Each line of the records must appear in your answer exactly, with no pictures.
═══ DATA FOR ANALYSIS
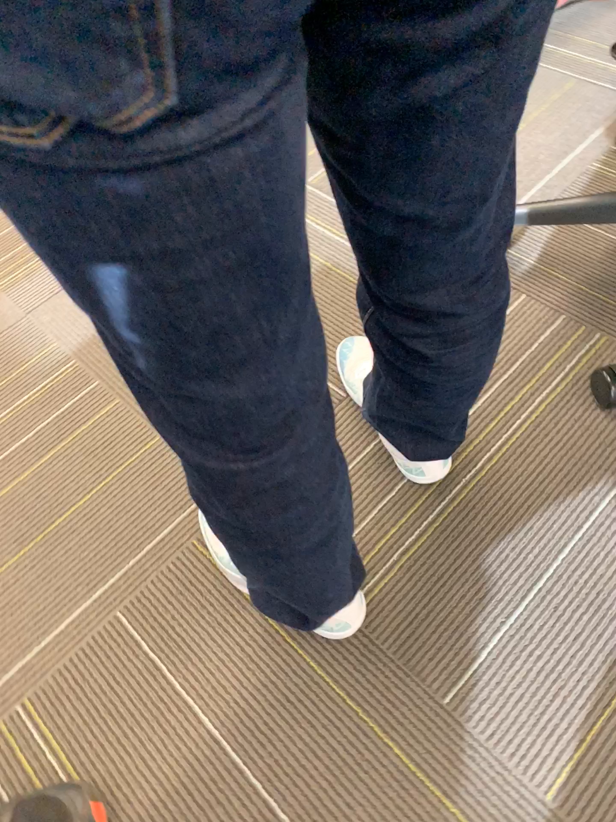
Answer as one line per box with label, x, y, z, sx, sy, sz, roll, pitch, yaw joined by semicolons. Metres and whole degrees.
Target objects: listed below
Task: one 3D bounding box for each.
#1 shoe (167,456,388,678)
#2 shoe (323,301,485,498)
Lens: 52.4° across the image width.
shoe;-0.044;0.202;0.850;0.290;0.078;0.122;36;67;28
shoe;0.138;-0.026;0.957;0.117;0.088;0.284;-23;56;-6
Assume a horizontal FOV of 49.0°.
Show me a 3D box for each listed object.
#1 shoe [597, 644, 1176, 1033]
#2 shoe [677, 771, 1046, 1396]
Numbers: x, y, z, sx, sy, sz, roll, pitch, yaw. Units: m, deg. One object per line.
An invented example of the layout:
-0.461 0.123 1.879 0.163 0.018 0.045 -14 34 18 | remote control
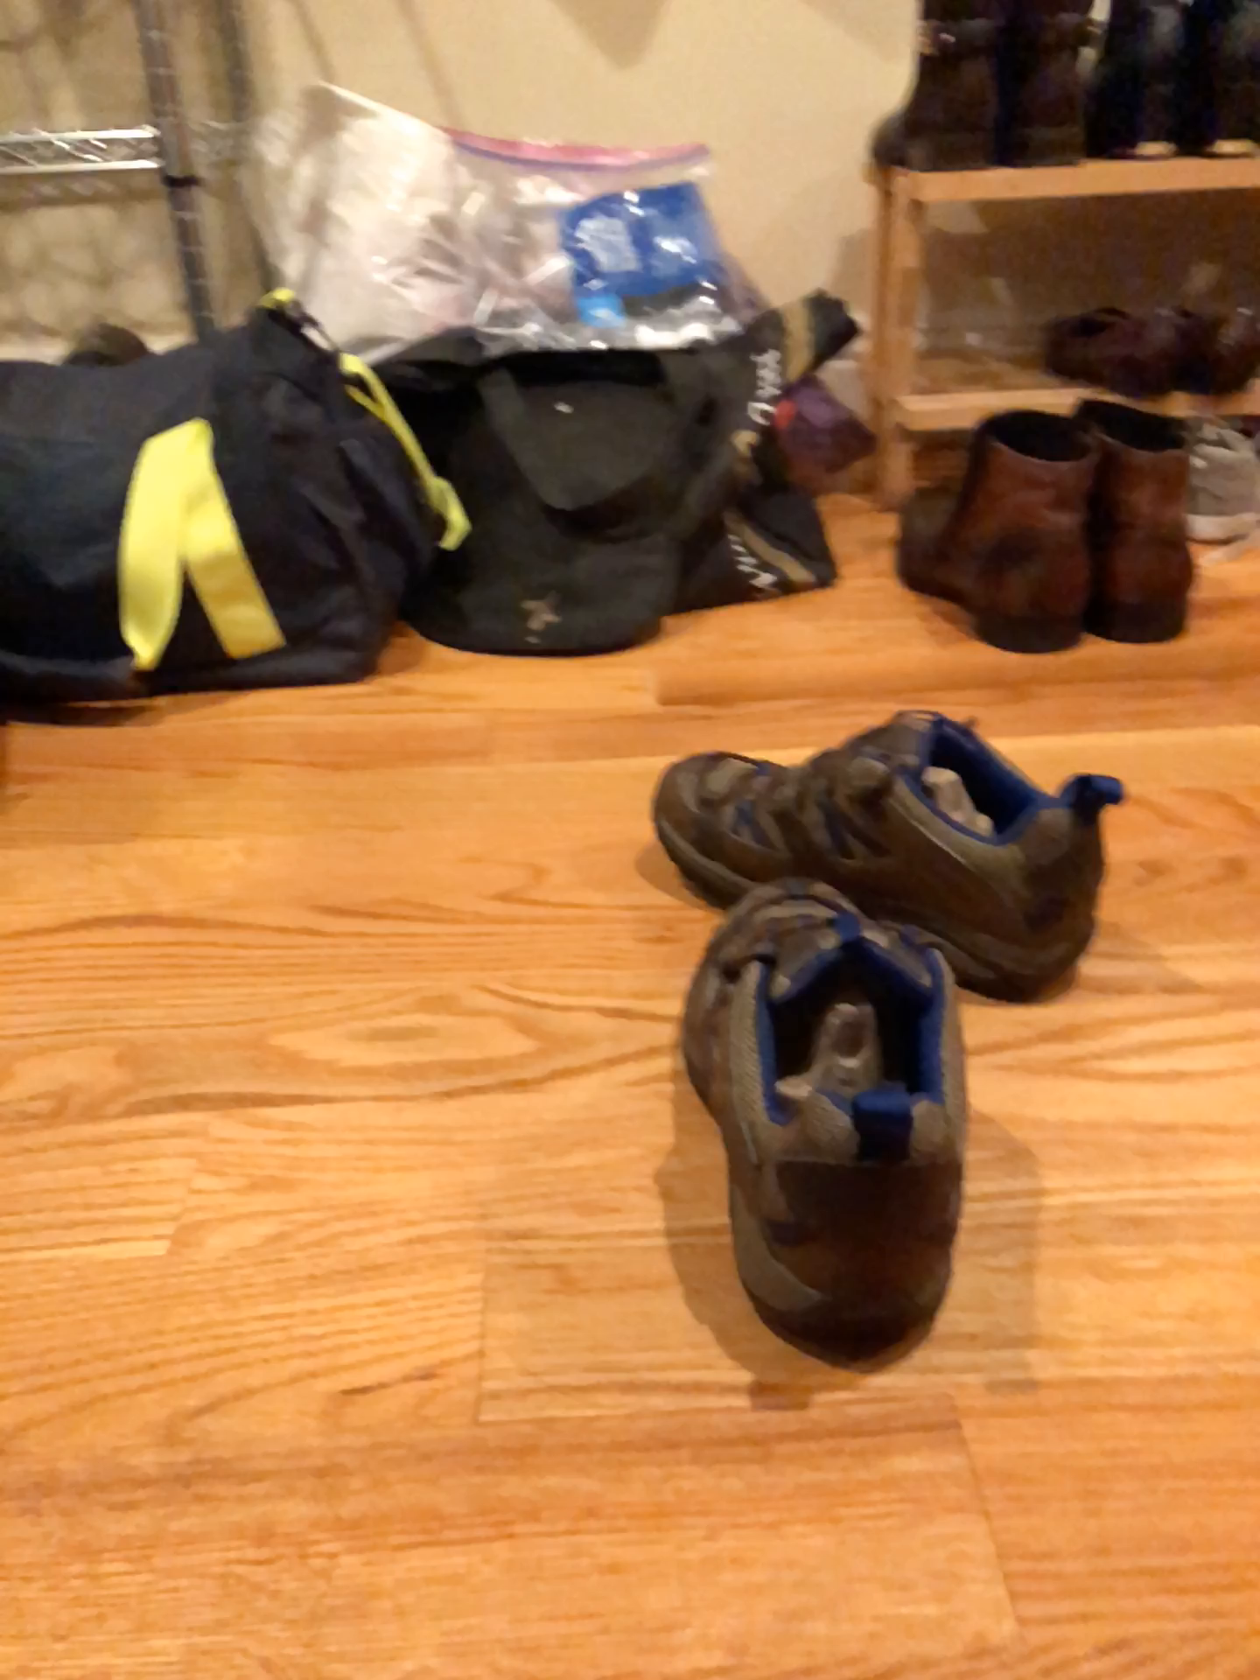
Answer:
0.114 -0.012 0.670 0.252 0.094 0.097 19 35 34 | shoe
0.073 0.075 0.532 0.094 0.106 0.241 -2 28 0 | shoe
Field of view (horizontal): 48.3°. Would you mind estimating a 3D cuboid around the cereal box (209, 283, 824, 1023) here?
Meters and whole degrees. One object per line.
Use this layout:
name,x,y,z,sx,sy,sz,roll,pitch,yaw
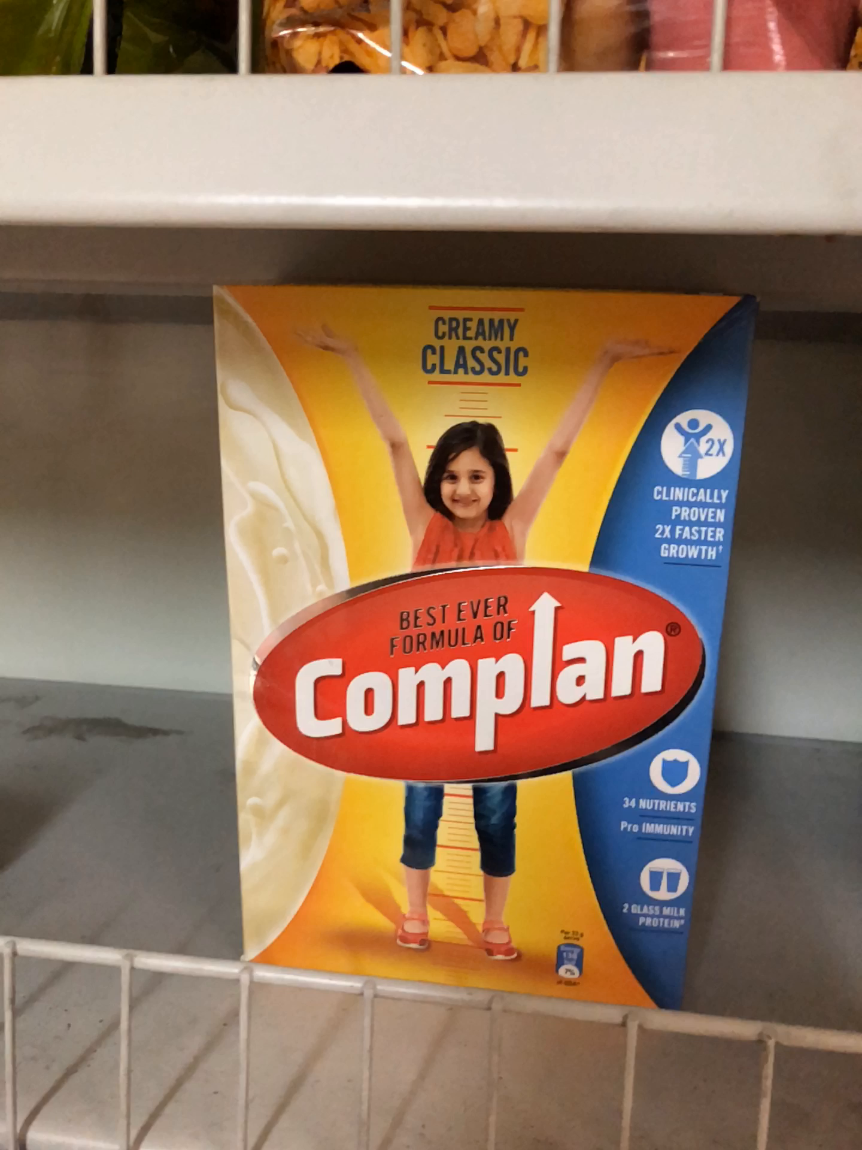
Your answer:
══════
# RESULT FOR THIS TASK:
Answer as one line per box with label, x, y, z, sx, sy, sz, roll, pitch, yaw joined by semicolons. Metres and whole degrees.
Target objects: listed below
Task: one 3D bounding box for each.
#1 shoe (167,456,388,678)
#2 shoe (323,301,485,498)
Lens: 52.4° across the image width.
shoe;-0.044;0.202;0.850;0.290;0.078;0.122;36;67;28
shoe;0.138;-0.026;0.957;0.117;0.088;0.284;-23;56;-6
Assume a horizontal FOV of 49.0°.
Show me a 3D box for each listed object.
#1 shoe [597, 644, 1176, 1033]
#2 shoe [677, 771, 1046, 1396]
Numbers: x, y, z, sx, sy, sz, roll, pitch, yaw. Units: m, deg. One object per line.
An invented example of the layout:
-0.461 0.123 1.879 0.163 0.018 0.045 -14 34 18 | remote control
Answer:
0.114 -0.012 0.670 0.252 0.094 0.097 19 35 34 | shoe
0.073 0.075 0.532 0.094 0.106 0.241 -2 28 0 | shoe
Field of view (horizontal): 48.3°. Would you mind estimating a 3D cuboid around the cereal box (209, 283, 824, 1023) here?
Meters and whole degrees. One object per line.
Use this layout:
name,x,y,z,sx,sy,sz,roll,pitch,yaw
Your answer:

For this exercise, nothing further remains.